Not that it's out of the woods just yet as that trading environment remains extremely challenging, and the figures it issued still look a little fragile, although they did show strong progress in some key areas.
The update, covering the 15 weeks from January 27 to May 11, said that in spite of the weak backdrop, both full-price retail store sales and e-commerce have delivered “positive progress on last year.” The hire business, which used to be its mainstay but is now a tiny part of its overall revenue, continued to be challenging, “although we believe this reflects a continued switch in occasionwear to the group's retail and Tailor Me offer,” it said.
And after a spate of profit warnings from UK retailers, it was good news that it added the business remains on track to meet market expectations for the year.
Looking back at the most recent period, total sales rose 1.5%, although total like-for-like sales dipped by 0.2%. This compared with the total sales run rate reported in March at the time of its preliminary results announcement of 3.6%, so it has seen sales growth slowing but still positive.
But there was encouraging news from the fact that like-for-like retail sales, including e-commerce, were up 2.2%, “reflecting a strong e-commerce performance alongside positive momentum in high street stores.” Its Outlet store business “was more challenged, especially across the Easter period, when footfall was impacted by the warmer weather.”
And e-commerce sales continued to increase, up 18.7% on last year.
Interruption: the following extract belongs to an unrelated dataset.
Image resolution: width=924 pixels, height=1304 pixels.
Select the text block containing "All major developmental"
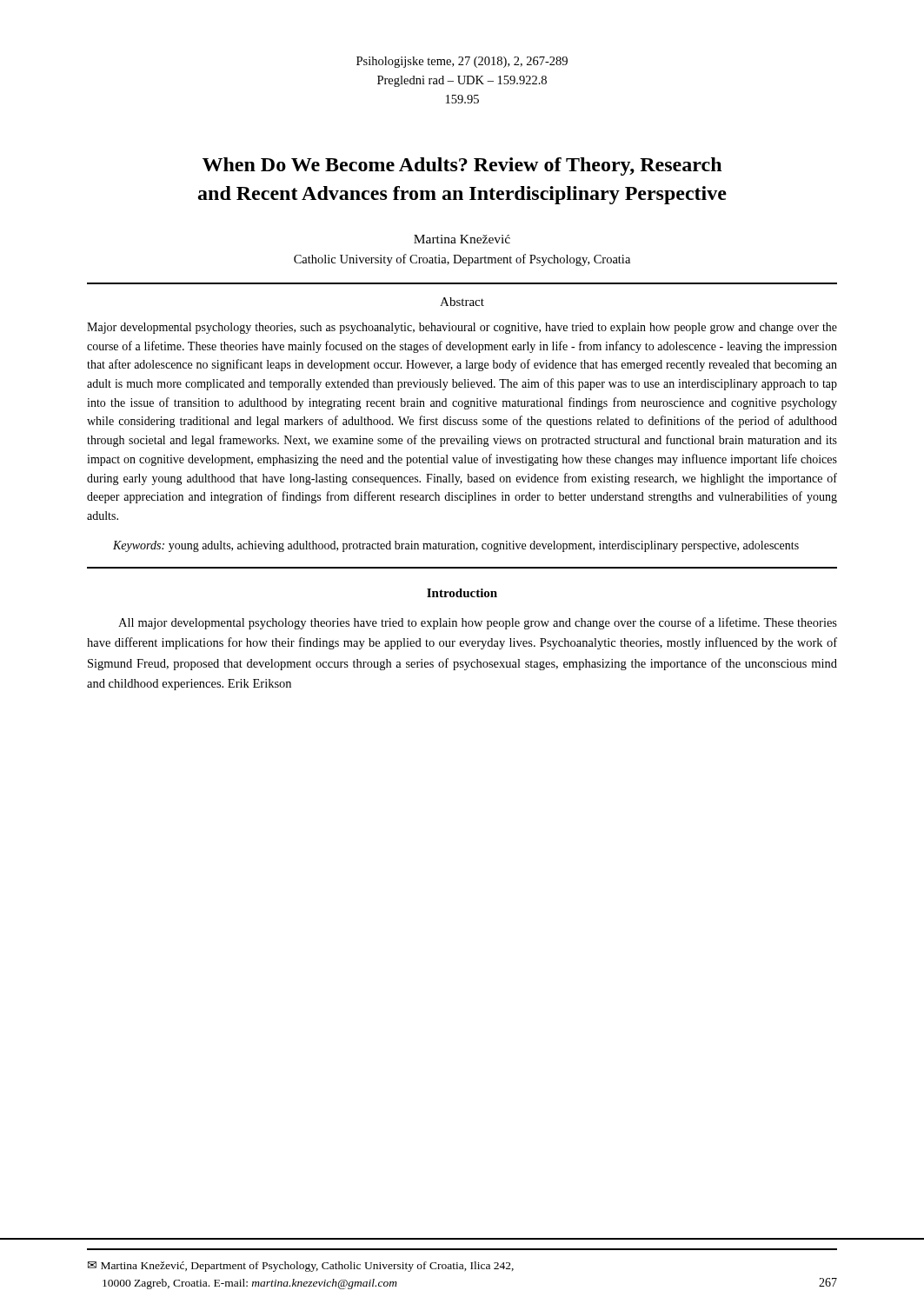462,653

E-commerce sales made up 15.5% of the total for the 15 weeks, compared with 13% for the same period last year.
As mentioned though, hire sales are in what seems to be a terminal decline and like-for-like sales here on a 'cash taken' basis dropped 15.6%. As mentioned above, some of this business has switched to retail and specifically the Tailor Me offer, which saw 32% growth in order value.
So what did CEO Brian Brick have to say? “We are making progress on last year, having recovered from the stock issues and improved our supply chain. Retail and e-commerce sales have shown further improvement against this backdrop.
“We are building momentum in new channels to market and we are seeing a growth in new customers as a result. We are focused on the peak phase of our trading year, encompassing wedding season, prom and Ascot. The wider trading environment remains both highly competitive and price sensitive, but we are well placed with our strong core offer and levels of stock availability.”